The investigative report, which includes the cause of the accident and proposals to improve work and prevent future accidents, will soon be submitted to the Ministry of Culture and the State Administration of Cultural Heritage (SACH). The punishment for those responsible is under discussion, the statement said.

The damage was caused when a researcher input an incorrect order to the instrument which upraised the dish sample to a level too high and squeezed it to pieces, said Miao Jianmin, director with the museum's department for antique's scientific protection.

Miao said the researcher is a female graduate with master's degree who has worked in the lab since 2004. She has received professional training to operate the instrument and made no mistakes in such kind of research before.

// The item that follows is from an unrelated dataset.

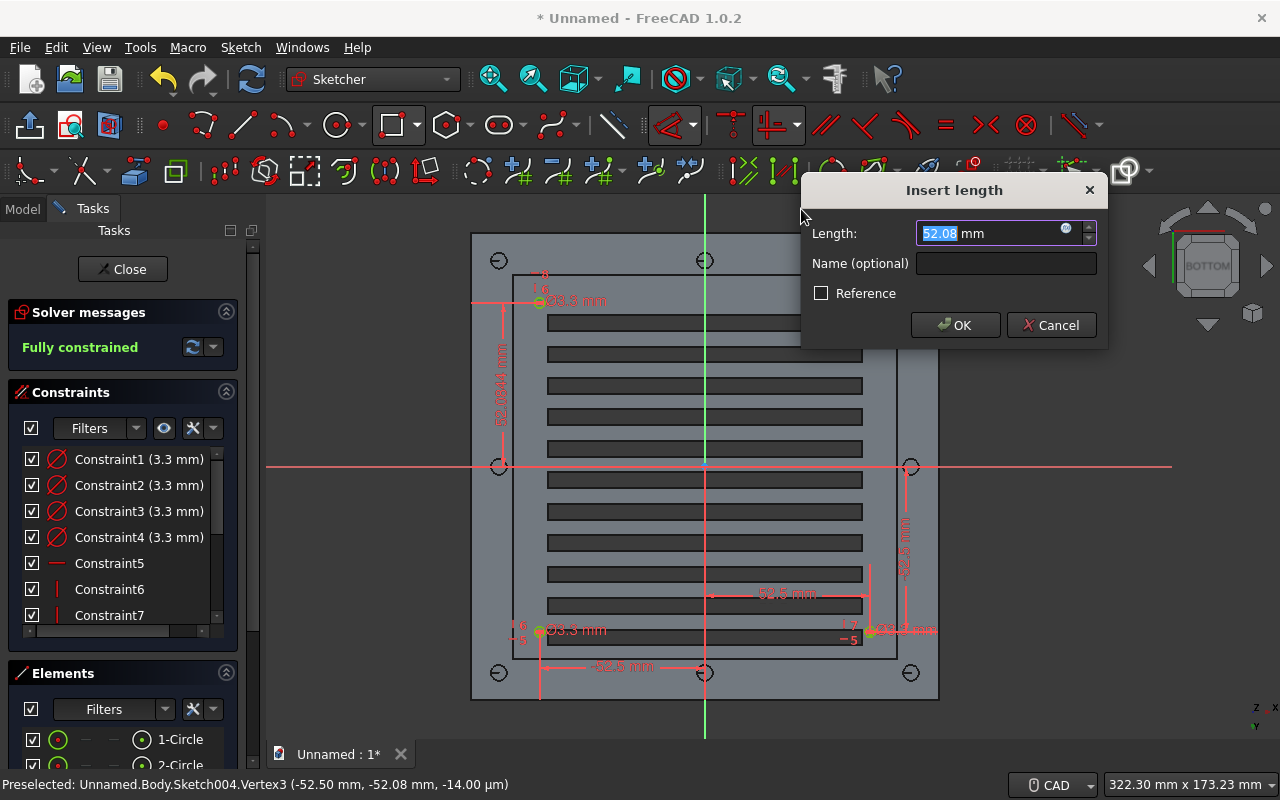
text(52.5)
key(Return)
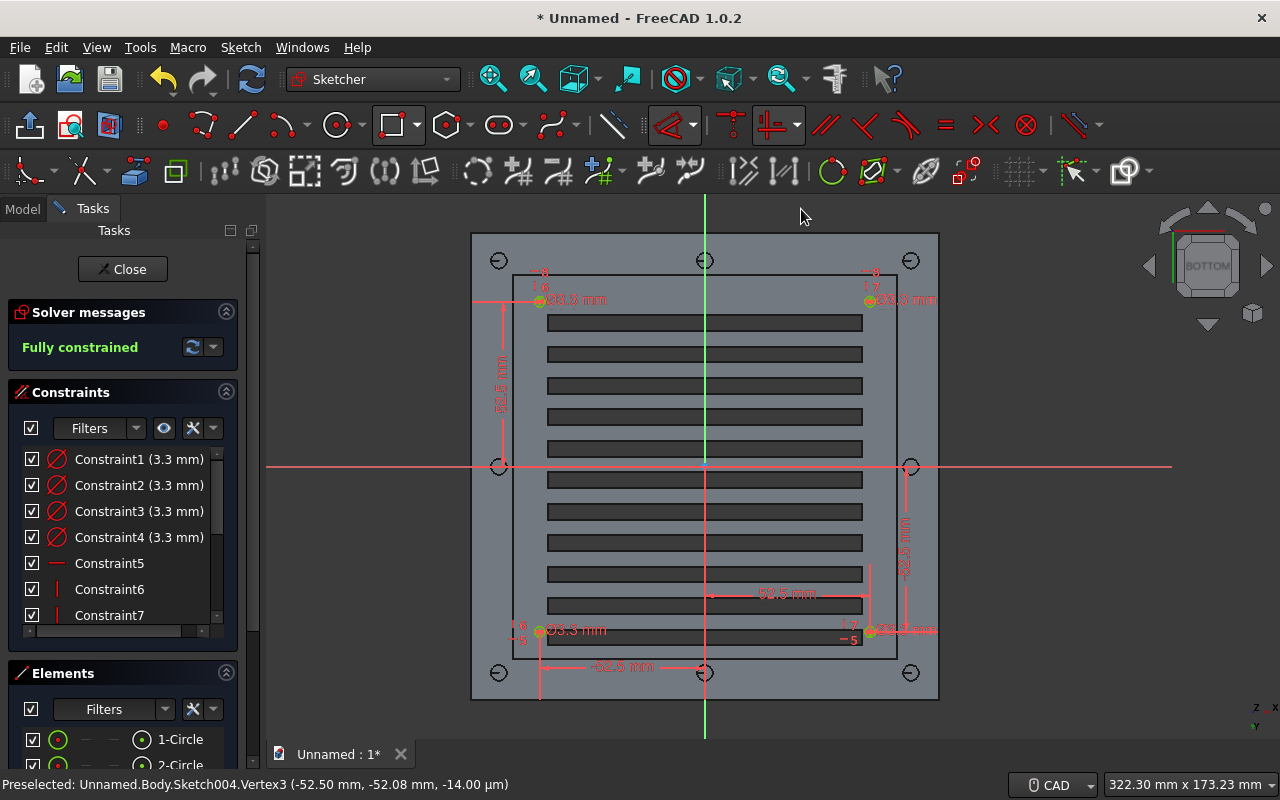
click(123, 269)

The damaged porcelain, categorized as China's first-class cultural relic, was squeezed into six parts. But the museum has the ability to restore it, according to Lou Wei, another department director with the museum.

The instrument that squeezed the antique was imported from the United States, which is also bought by seven to eight other research institutes in China, said Miao.

Through a month-long investigation, the accident was finally concluded to be caused by human error, said Chen Lihua, deputy curator of the Palace Museum.

A SACH database currently has 48,006 entries of cultural relics with top-level protection, which have been collected from museums across the country.

Existing Ge kiln porcelains are mainly stored in the Palace Museums in Beijing and Taipei. Beijing's museum has 63 pieces. It's believed there are no more than 300 Ge kiln porcelains in existence in the world.

The museum's researchers have introduced high-tech observation and analysis instruments in their research of cultural relics and have already successfully finished testing more than 50 pieces of ceramic relics with the help of the same testing instrument.

Currently, the museum's researchers were told to suspend all testing operations and conduct an overhaul to the instruments due to the accident.

The museum's spokesman Feng Naien said the museum would learn a lot of lessons from the accident but this would not stop its scientific research.